Looking for Eric, de Ken Loach

Il existe à Manchester trois clubs de foot qui pourraient bien être le miroir du monde actuel et l’image de l’histoire produite par Ken Loach pour son dernier film.

Le premier, Manchester City « blue » est le club (racheté dernièrement par un émir arabe) préféré d’une frange classe prolétaire qui ne se reconnaît pas en l’autre grand de la ville, Manchester United. Le club de Manchester United est en réalité une société qui, avec sa galerie de joueurs galactiques, survole le football européen grâce à sa position boursière et sa gestion de type multinationale. En matière de football, « Man U » est une équipe très agréable à voir jouer… Mais pour les mancuniens, les matchs se regardent dans les pubs, tant le prix du ticket pour le glorieux stadium est abusif et réservé à l’élite. Face à ce constat symptomatique du foot-business, les fans de la première heure ont cherché à se démarquer du club qui les a fait vibrer en créant une troisième voie avec une équipe mineure, dont les couleurs rappellent celles du United à l’époque où tout le monde se retrouvait et vibrait en reprenant en chœur le glorieux « Hou ha Cantona ».

Au début des années 90, les ouvriers anglais ont perdu une bataille et sont devenus malgré eux les victimes d’un système qui les écartait depuis déjà pas mal de temps. Et ce n’est pas innocent si Ken Loach a commencé à devenir plus engagé et revendicatif au moment où Thatcher montrait les crocs et essoufflait l’Angleterre de sa main de fer. Ainsi, la peinture d’une classe ouvrière déclassée et cette quête pour la reconnaissance des mal lotis qu’a entrepris Loach ont, semble t-il, été freinées par ce désarroi mondialisé que dépeint la grande oeuvre pessimiste It’s a Free World !

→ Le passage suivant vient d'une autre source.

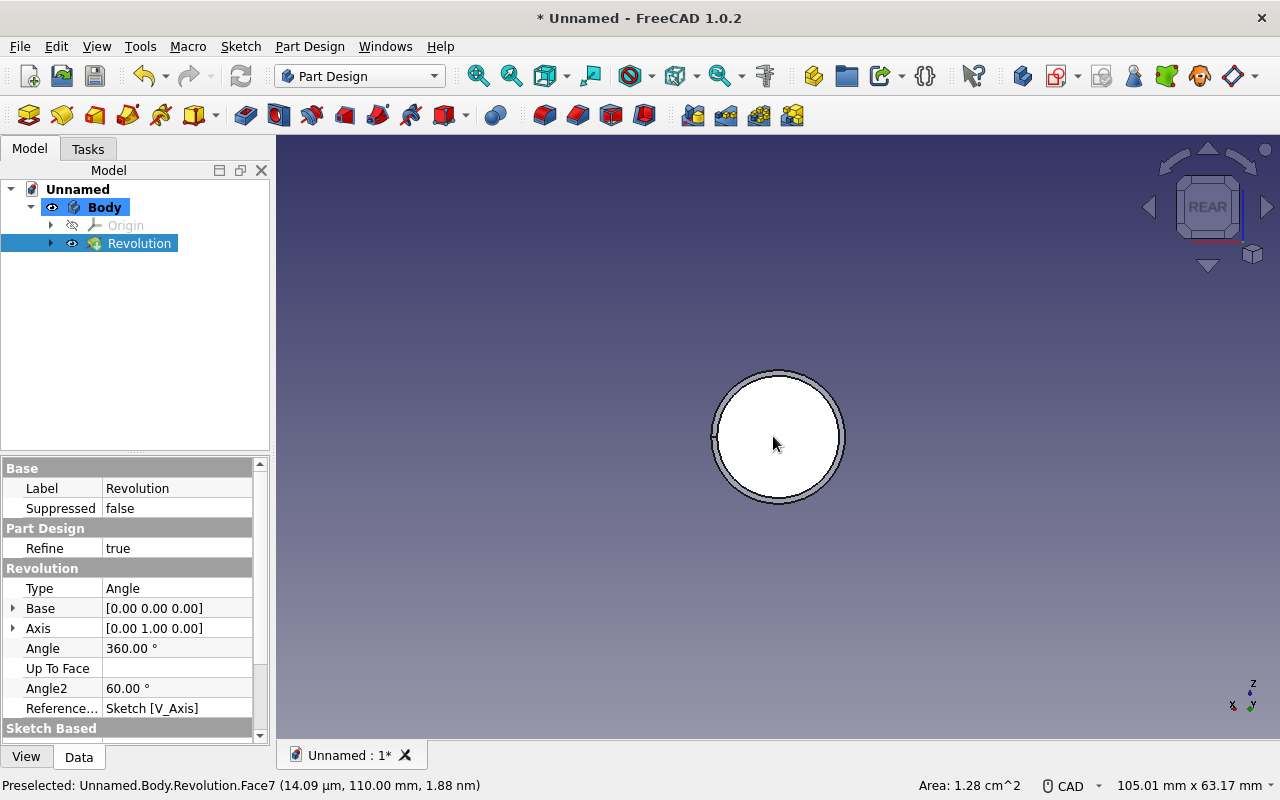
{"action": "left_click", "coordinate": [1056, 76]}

Plus proche de Sweet Sixteen pour son personnage que le révisionnisme classique du Vent se Lève, Loach revient ici sur le mode comique, avec un regard nostalgique porté sur ce paradis perdu qu’incarne le King français Eric Cantona.

Postier défait par une vie sentimentale qui a foutu le camp et débordé par la tenue d’une maison défaite par deux jeunes lad’s rebelles à l’autorité, Eric perd pied et tente de se suicider. Comme tout est affaire de projection, il s’en remet à son idole Eric Cantona pour retrouver sens à son existence et un peu de respect pour lui-même. L’amitié et la solidarité comme combat contre l’altérité et l’immoralisme ambiant, Looking for Eric l’illustre à chaque plan et le déroule tout au long du film. De même, les aphorismes de Canto (« ce n’est que face au danger que l’on peut se surpasser ») dévoilent le combat à mener et l’idée que ce sont les modèles à suivre qui manquent cruellement aujourd’hui.

Et l’intérêt que dans la veine réaliste de Ken Loach, une arme est un danger potentiel et pas un accessoire ou un simple jouet scénaristique. Ne pas y voir là de conservatisme mais, bien plus qu’une série américaine « frais emballée » et programmée pour du temps de « cerveau humain disponible », ce film devrait être diffusé un dimanche soir à la télévision. Car pour moi, Ken Loach joue toujours en première division.